Treatment on Demand.  The term treatment on demand refers to a substance use disorder treatment policy that supports immediate entry into substance use disorder treatment for all requesting it.  Timely access to treatment is designed to reduce barriers to enrollment in treatment, and to provide an alternative to policies that emphasize punishment or prohibition.

Summary of Bill: Homeless Housing and Assistance Act. The Housing Act document recording surcharge fee is increased from $40 to $90 and is made permanent. The 45 percent set aside for private rental housing payments is eliminated. The use of document recording surcharge funds is expanded to include innovative strategies to provide homeless housing support through:

Families who receive TANF receive priority for housing programs funded by document recording surcharge fees.

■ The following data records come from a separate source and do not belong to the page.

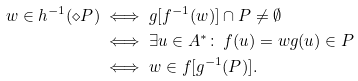Convert formula to latex. <formula><loc_0><loc_0><loc_500><loc_500>w \in h ^ { - 1 } ( \diamond P ) & \iff g [ f ^ { - 1 } ( w ) ] \cap P \neq \emptyset \\ & \iff \exists u \in A ^ { * } \colon \ f ( u ) = w g ( u ) \in P \\ & \iff w \in f [ g ^ { - 1 } ( P ) ] .</formula> 
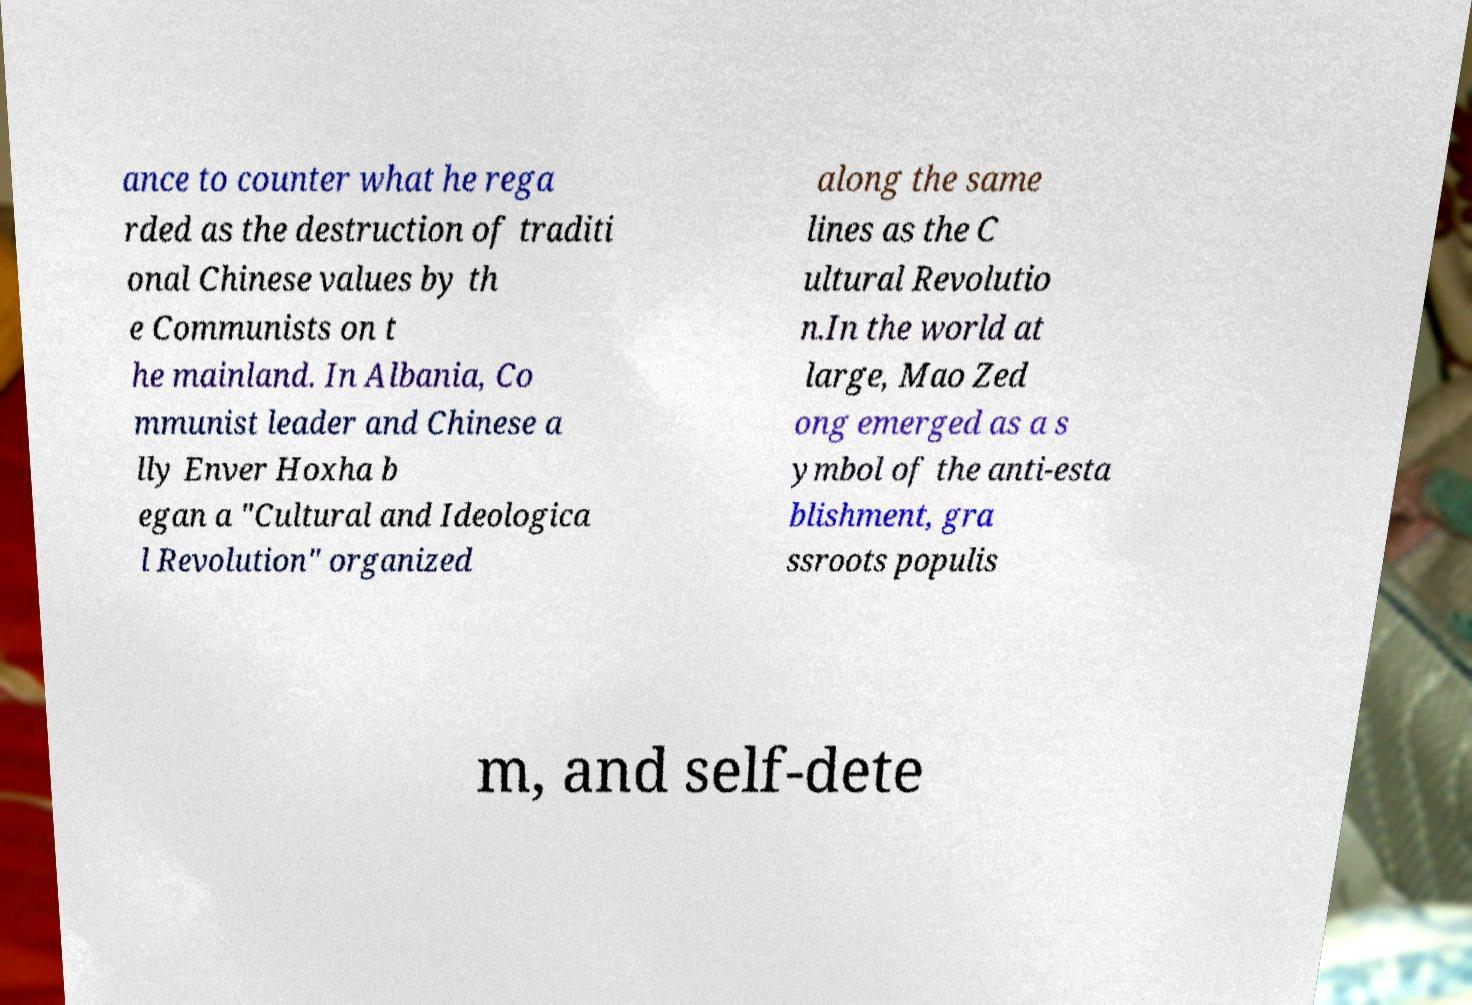Can you read and provide the text displayed in the image?This photo seems to have some interesting text. Can you extract and type it out for me? ance to counter what he rega rded as the destruction of traditi onal Chinese values by th e Communists on t he mainland. In Albania, Co mmunist leader and Chinese a lly Enver Hoxha b egan a "Cultural and Ideologica l Revolution" organized along the same lines as the C ultural Revolutio n.In the world at large, Mao Zed ong emerged as a s ymbol of the anti-esta blishment, gra ssroots populis m, and self-dete 
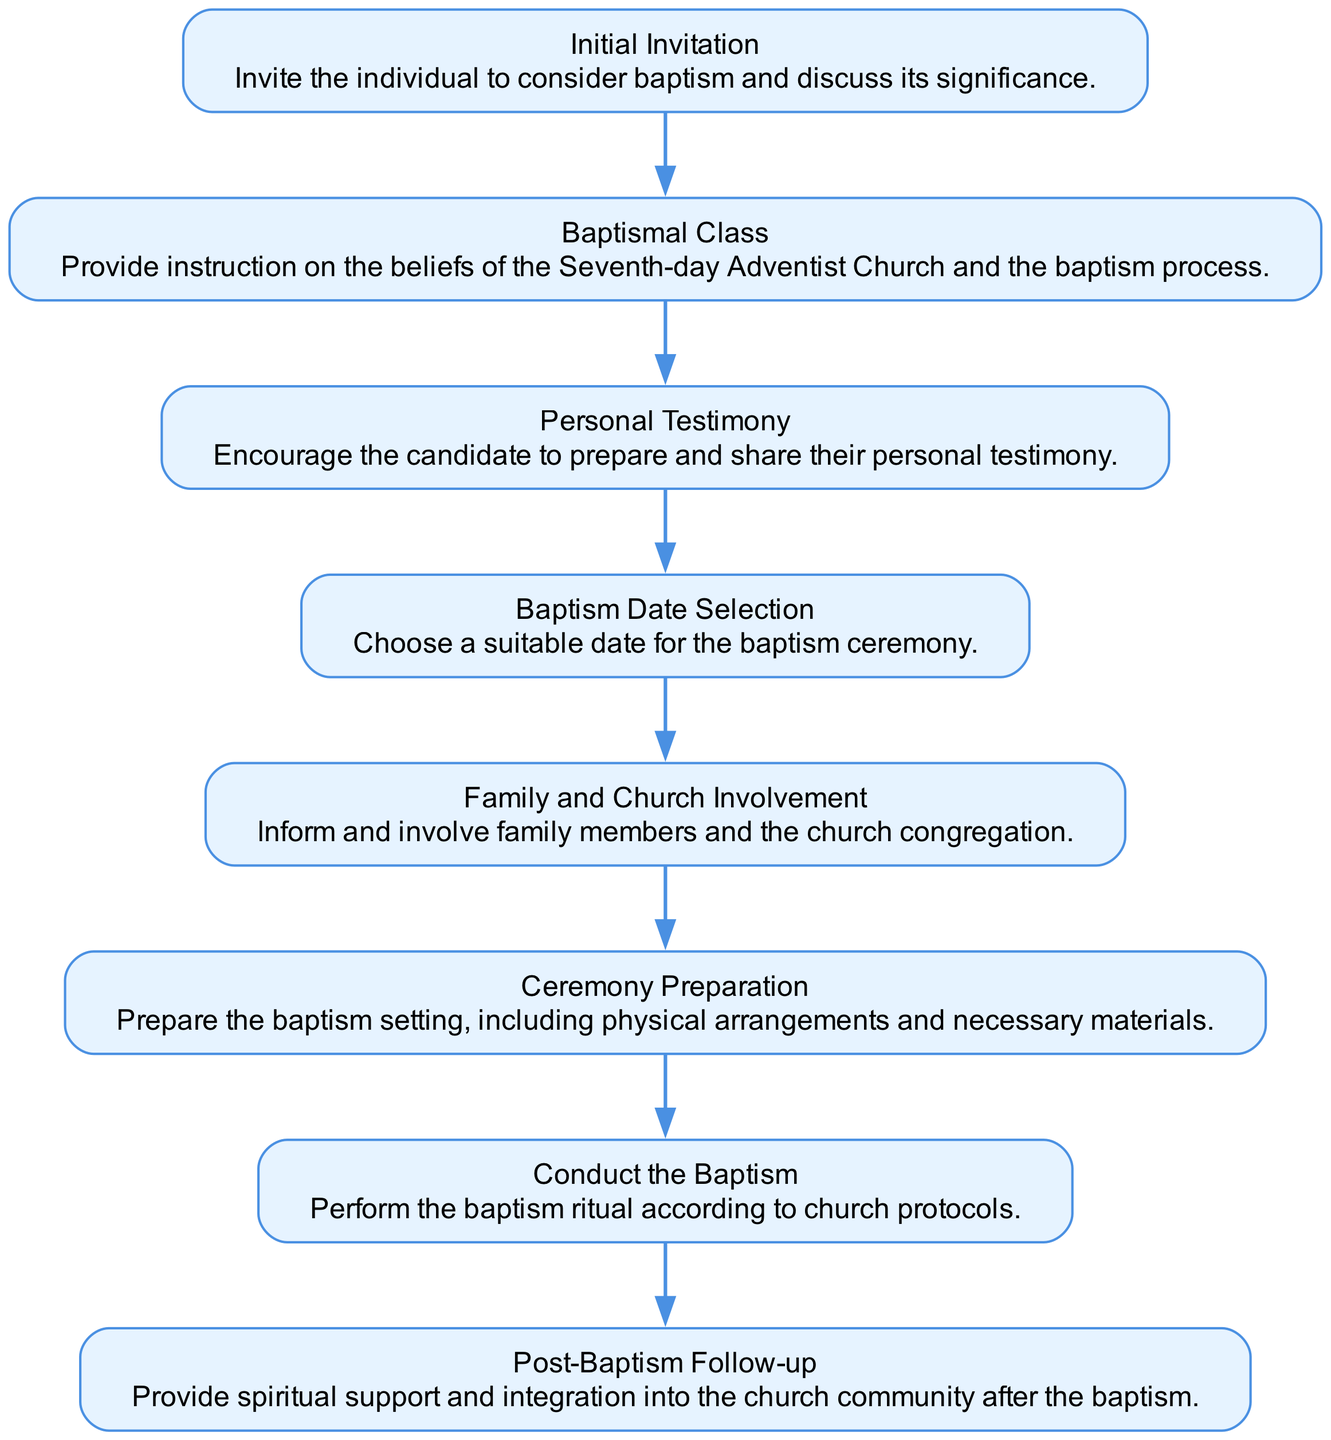What is the first step in the baptism process? The diagram clearly indicates that the first node is "Initial Invitation". This node represents the starting point of the baptism process.
Answer: Initial Invitation How many nodes are there in the flow chart? By counting the elements listed in the diagram, there are a total of eight nodes representing different steps in the baptism process.
Answer: Eight What is the last step after conducting the baptism? The flow chart indicates that after "Conduct the Baptism", the next step is "Post-Baptism Follow-up", highlighting the importance of continued support.
Answer: Post-Baptism Follow-up What follows after the "Baptismal Class"? Following "Baptismal Class", the diagram shows that the next step is "Personal Testimony", implying the candidate's reflection on their faith journey.
Answer: Personal Testimony Which step involves the candidate sharing their experience? The diagram indicates that "Personal Testimony" is the step where the candidate is encouraged to prepare and share their personal experiences related to their faith.
Answer: Personal Testimony How does the involvement of family members and the church occur in the process? The diagram marks "Family and Church Involvement" as a specific step where candidates inform and involve their family and the church community in the baptism process.
Answer: Family and Church Involvement Which step directly leads to the baptism ceremony? The step immediately preceding "Conduct the Baptism" is "Ceremony Preparation", indicating that all arrangements must be completed to facilitate the actual baptism event.
Answer: Ceremony Preparation What is the relationship between "Baptism Date Selection" and "Ceremony Preparation"? "Baptism Date Selection" leads directly to "Ceremony Preparation". This implies that the chosen date impacts how the ceremony is arranged and set up.
Answer: Ceremony Preparation What process is emphasized after the baptism is completed? The diagram highlights that "Post-Baptism Follow-up" is the critical follow-up action to provide support for spiritual growth and community integration post-baptism.
Answer: Post-Baptism Follow-up

This act expands the Homeless Student Stability and Opportunity Gap Act; the pilot is not limited to 15 school districts—all school districts may apply. A student receiving assistance under this Housing Act is eligible for the Readiness to Learn program.

Public Assistance. The Essential Needs and Housing Support Program is an entitlement, with the benefit equal to ABD. For the 2017-2019 biennium, the ABD benefit is double the current benefit of $197 per person.

State Board for Community and Technical Colleges. The SBCTC shall establish a pilot program to encourage college districts to plan for the unique needs and challenges of students experiencing homelessness. Such accommodations may include, but are not limited to: laundry facilities, storage, showers, encouraging culinary programs to provide free or reduced priced meals, and providing short-term housing or housing assistance; and plans to develop surplus property for affordable housing to accommodate the needs of students experiencing homelessness. The pilot program must include two college districts, one on each side of the Cascade mountain range. The pilot program expires July 1, 2022. The college districts that participate in the pilot program shall provide a joint report to the Legislature by December 1, 2022, that includes at the least the following information: (1) the number of students experiencing homelessness during the pilot program, (2) the number of students assisted, (3) strategies for accommodating students experiencing homelessness, and (4) legislative recommendations.

Chemical Dependency or Mental Health Treatment for Homeless Individuals. Local governments have the authority to enact a one-tenth of 1 percent tax for homeless individuals needing chemical dependency or mental health treatment. Monies collected under this tax must be used for the purpose of providing for the operation or delivery of chemical dependency or mental health treatment programs and services and for the operation or delivery of therapeutic court programs and services for individuals experiencing homelessness. Programs and services includes, but is not limited to: treatment services, case management, transportation, and housing that are a component of a coordinated chemical dependency or mental health treatment program or service for individuals experiencing homelessness. Monies collected may be used to support the cost of the judicial officer and support staff of a therapeutic court.

Treatment on Demand. BHOs are to develop innovative strategies to serve the homeless including, but not limited to: treatment on demand, engaging in outreach programs to encourage homeless people to receive services, and developing a process to link a homeless person with housing, ensuring that no person receiving services through a behavioral health organization is discharged into homelessness. Treatment on demand means immediate entry into mental health or drug treatment, or both, for all homeless individuals who request such services.

Appropriation: None.

Fiscal Note: Requested on March 20, 2017.

Creates Committee/Commission/Task Force that includes Legislative members: No.

Effective Date: Ninety days after adjournment of session in which bill is passed.